In William's promotion he found a source of cheerfulness all dinner-time. After dinner, when he and his father were alone, he had Fanny's history; and then all the great events of the last fortnight were known to him.
Fanny suspected what was going on. They sat so much longer than usual in the dining-parlour, that she was sure they must be talking of her; and when she saw Edmund again, she felt dreadfully guilty. He sat down by her, took her hand, and pressed it kindly; and she thought that, but for the occupation which the tea-things afforded, she must have betrayed her emotion.

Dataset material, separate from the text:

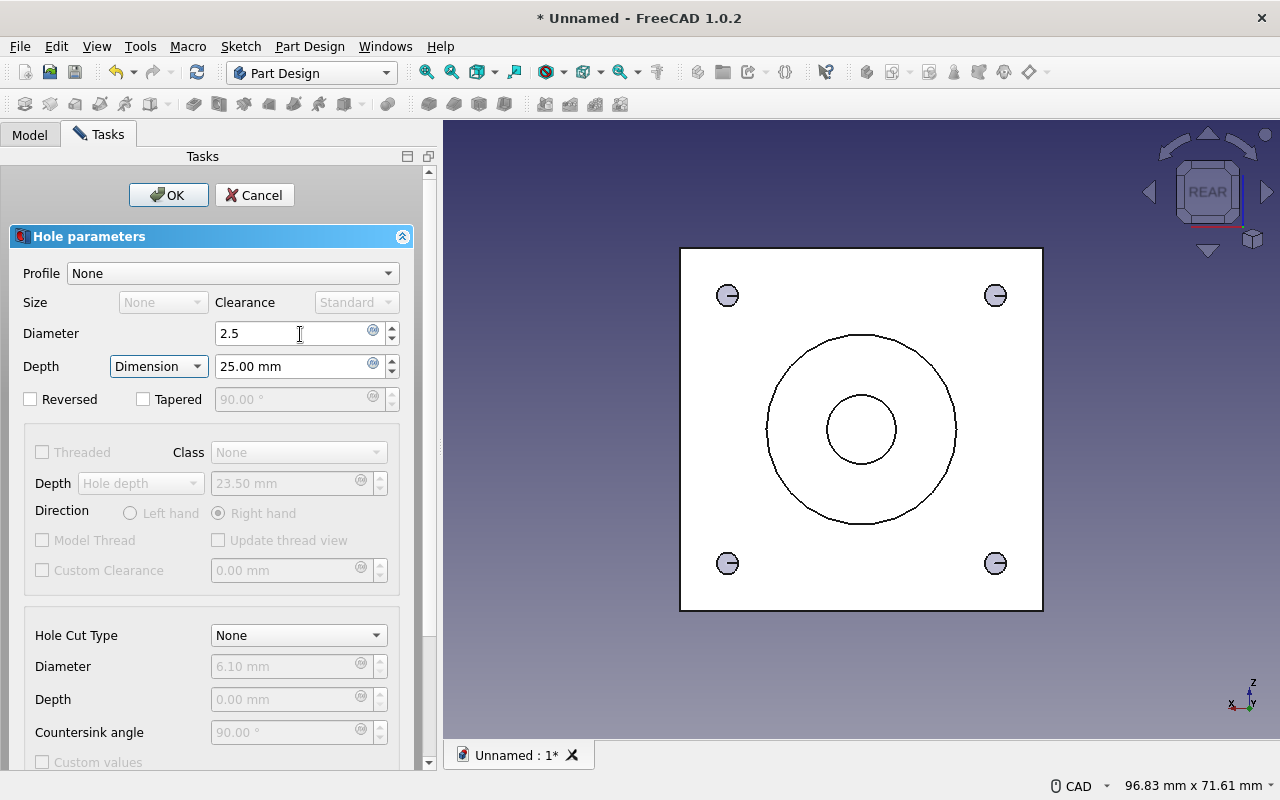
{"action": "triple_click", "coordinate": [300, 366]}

He was not intending, however, to convey to her his unqualified encouragement. He wished only to express his interest and affection. He was, in fact, entirely on his father's side of the question. He was not so surprised as his father at her refusing Crawford, because he had never believed her to have a preference for him—rather the reverse; and he believed she had been completely unprepared; but the connexion had every recommendation to him. He earnestly hoped and believed that it would be a match at last, and that their dispositions were exactly fitted to make them blessed in each other. Crawford had been too hasty. He had not given her time to attach herself. He had begun at the wrong end. With such powers as his, however, and such a disposition as hers, Edmund trusted that everything would work out a happy conclusion. Meanwhile, he scrupulously guarded against saying anything to give Fanny further embarrassment.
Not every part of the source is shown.